I need to put Nekusar on hold for a week, because shockingly it’s the present-giving season and people occasionally ask me what to buy for their casual friends. I can help with this! In fact, I’ll make it so easy that you can just click on a link and the nice website at the other end will be waiting to receive your order. It’s that simple! So, without further hand-waving or distraction, here are my suggestions:


1) Dragon Shield Sleeves – $10

Sleeves aren’t the most exciting of gifts, but I would say a good 95% of the Commander player base uses them. It’s hard to shuffle 99 unsleeved cards, and given enough time even the best sleeves start to look worn and ragged. A box of these, in a color of significance to the Commander player in your life, ensures they have the freedom to keep their deck fresh or expand into a new one.


2) Holiday Gift Box – $20

Commander card collections tend to include a bunch of important single cards. Without a proper organizational system, that can easily get out of hand. One of the ways to get around that is to keep all your valuable and important singletons organized into a solid, reliable box. THIS IS THAT BOX. It doesn’t come with sufficient dividers for either the space or the ridiculous number of stickers, but you can always supplement those with top-loaders ($5 add-on item on Amazon) if you really need to keep them separated.


3) Deck Builder’s Toolkit – $17

This might seem like an odd inclusion, since the cards aren’t particularly valuable and no one really seeks these things out, but!
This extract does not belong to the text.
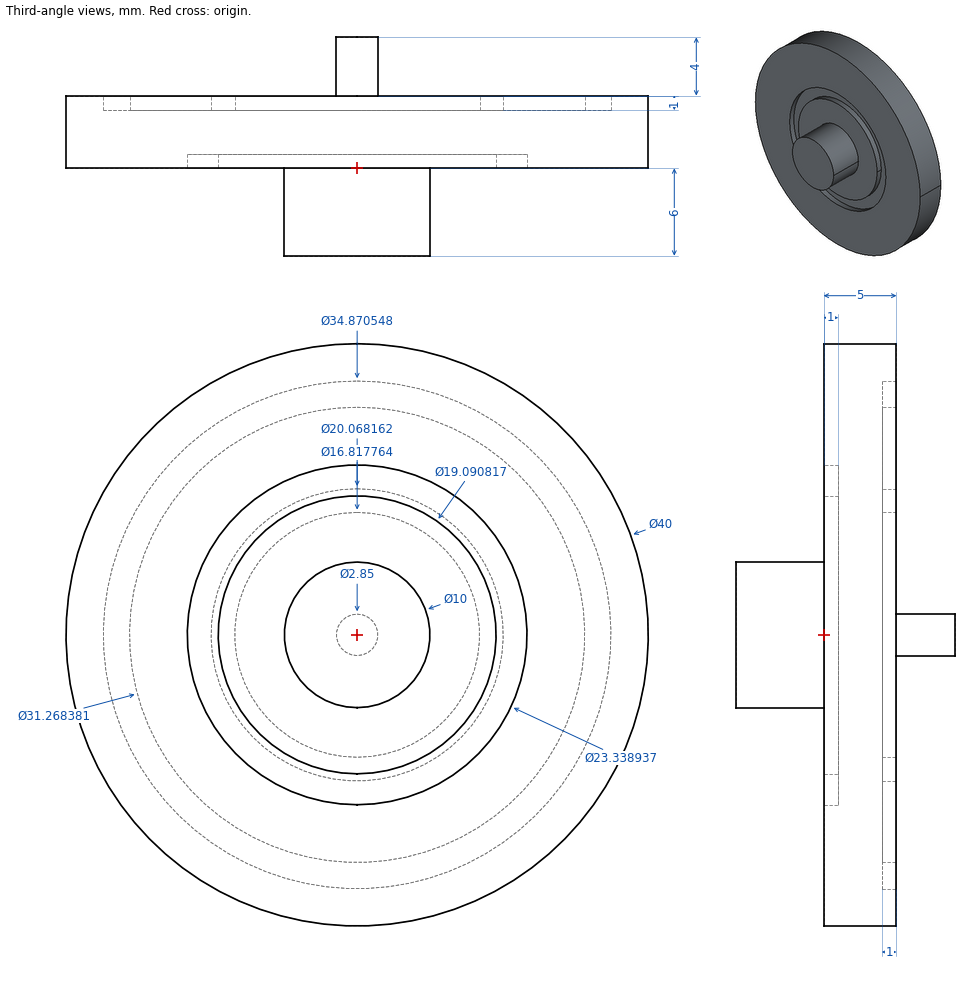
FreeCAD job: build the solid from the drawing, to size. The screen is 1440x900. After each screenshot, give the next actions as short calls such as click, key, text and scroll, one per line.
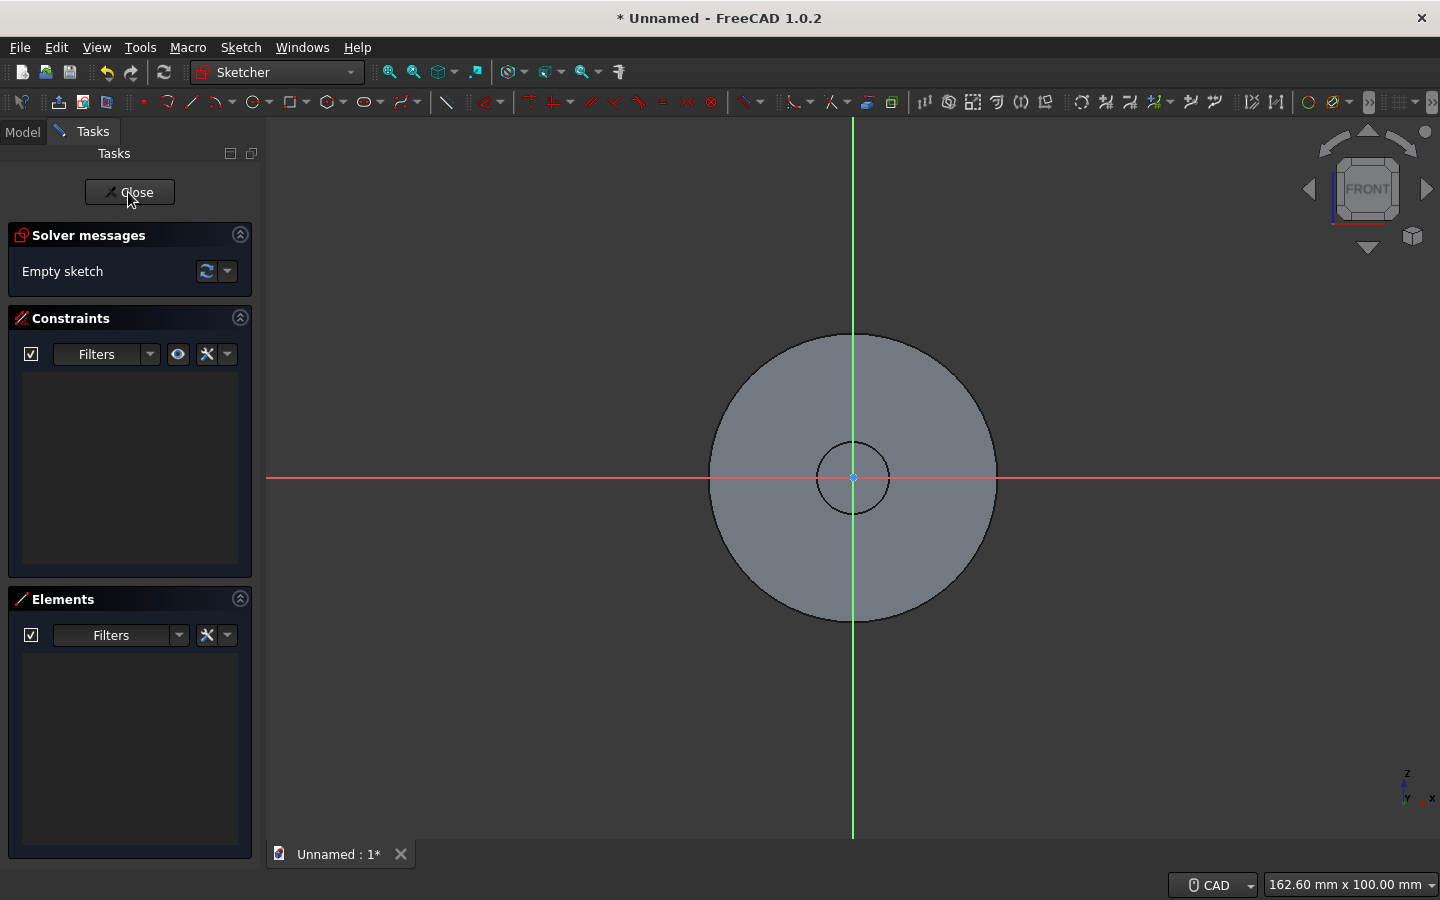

It turns out that the special box that is included with the Deck Builder’s Toolkit is the perfect size to fit three Commander decks and some tokens. So you’re basically paying for a snazzy and colorful travel/storage box that happens to also include all the basic removal spells, four packs, and enough basic land to satisfy anyone’s needs. Sounds like a bargain!


4) Ultra Pro Magnetic Flip Box – $15

If the player you’re buying for is the type who specializes in an individual deck, rather than mixes it up with a bunch of them, this line of deck boxes is a traditional treat. While they occasionally have gluing issues (rectifiable, but caveat emptor), these are basically the première individual deck boxes, and they have room for a single sleeved Commander deck in each of them. Plus, you can color code them based on decks or color preference of the recipient, which gives you a rainbow of possibilities.


5) Pound-O-Dice – $20

Chessex is the primary dice supplier for Magic the Gathering players, and Commander players traditionally need more dice than most. Whether it’s two d10s to keep track of your life, a bunch of d6s to sprinkle +1/+1 counters across your board, or a d12 to keep track of one of your planeswalkers, Commander players really need some decent die solutions. Luckily, if you get your Commander player a pound of dice, they will probably never need to buy dice again! That’s right, a pound of dice is more than a person could ever reasonably need, and for that reason it makes a great, amusing gift. Plus, throw in some of these $4 Velour Dice bags, also by Chessex, and they can keep a more reasonable subset of those dice with them when they go to play. Pound it!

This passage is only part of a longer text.